SUPPLIED DATA →

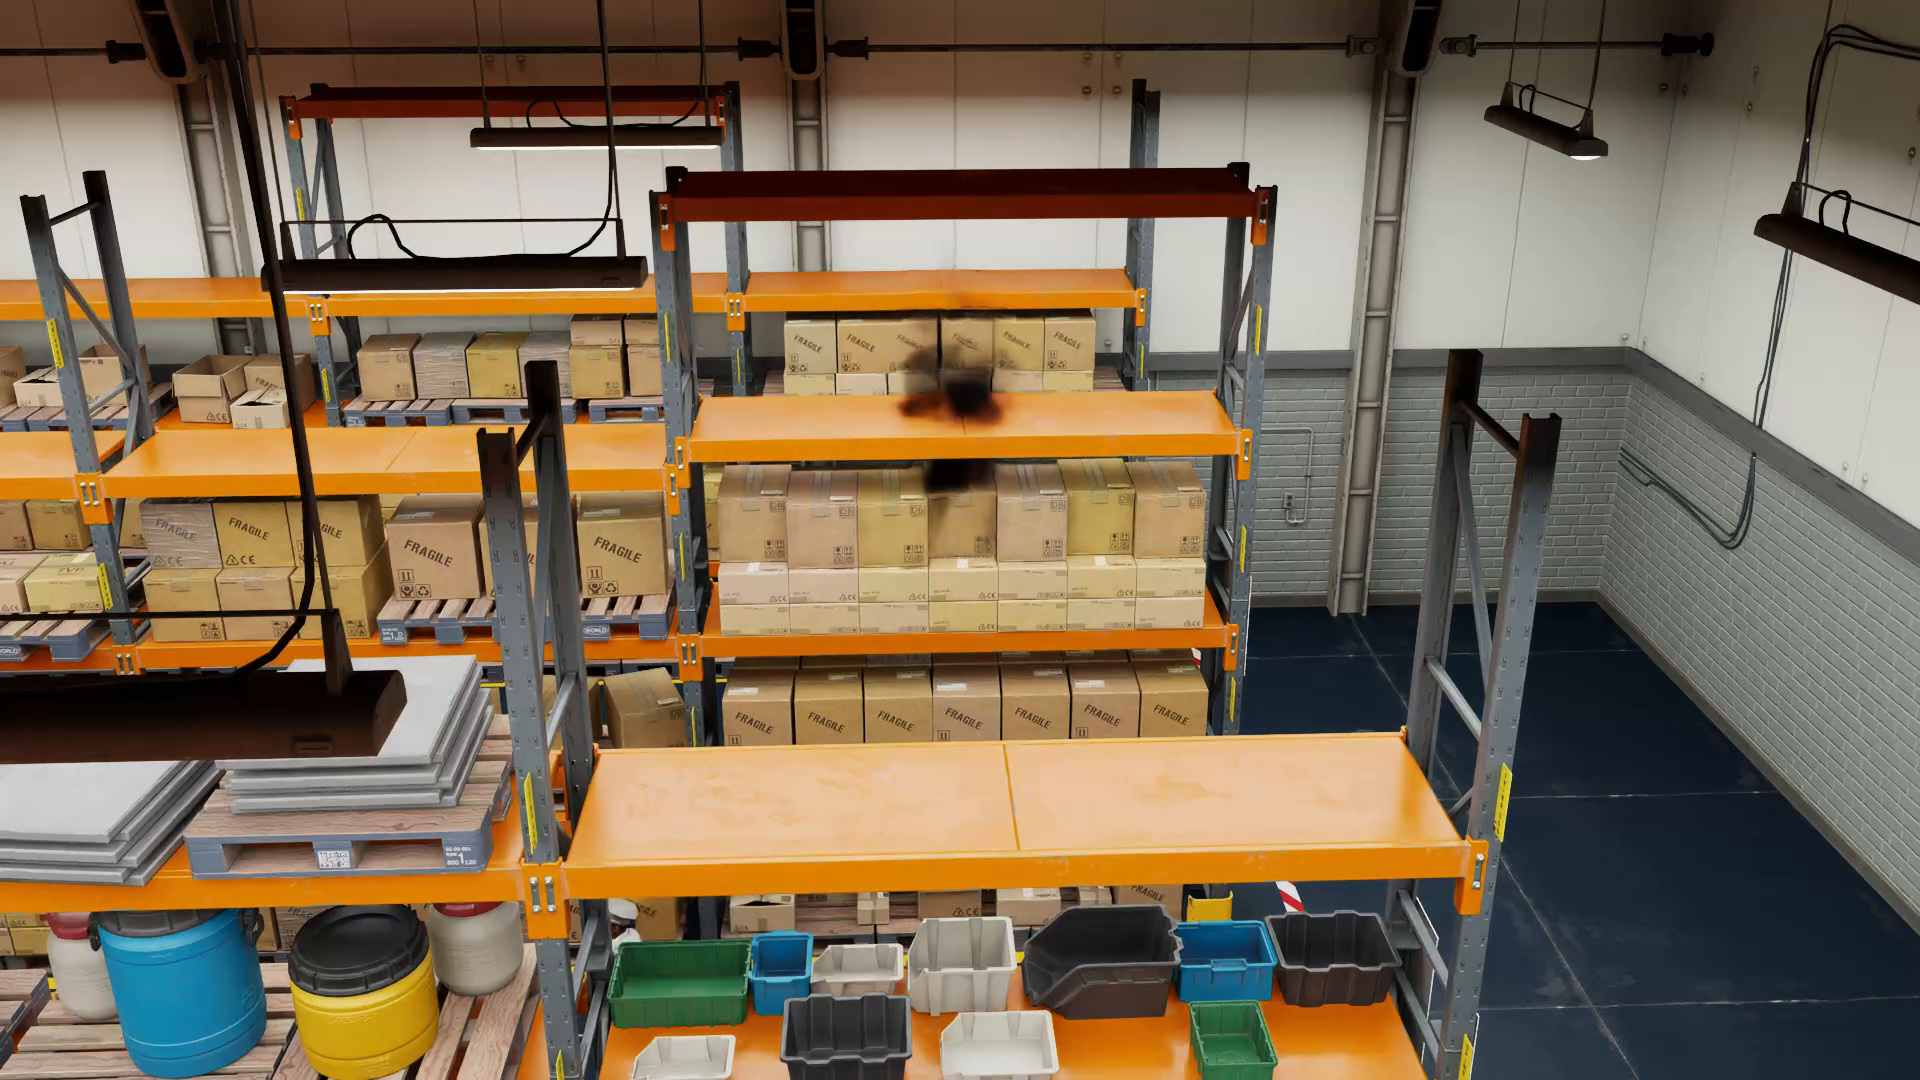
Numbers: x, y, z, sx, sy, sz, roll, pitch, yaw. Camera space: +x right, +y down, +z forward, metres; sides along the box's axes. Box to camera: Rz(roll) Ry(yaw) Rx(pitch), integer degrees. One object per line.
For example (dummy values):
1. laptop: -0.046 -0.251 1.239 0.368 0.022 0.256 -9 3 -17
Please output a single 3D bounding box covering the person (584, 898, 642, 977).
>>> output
1. person: -2.121 3.073 11.055 0.768 1.659 0.565 -6 23 -15

WHAT TO PRODUCE → Repeat the data in full, exactly as it stands, but drop every picture.

ANSWER SECTION →
Numbers: x, y, z, sx, sy, sz, roll, pitch, yaw. Camera space: +x right, +y down, +z forward, metres; sides along the box's axes. Box to camera: Rz(roll) Ry(yaw) Rx(pitch), integer degrees. One object per line.
For example (dummy values):
1. laptop: -0.046 -0.251 1.239 0.368 0.022 0.256 -9 3 -17
Please output a single 3D bounding box covering the person (584, 898, 642, 977).
>>> output
1. person: -2.121 3.073 11.055 0.768 1.659 0.565 -6 23 -15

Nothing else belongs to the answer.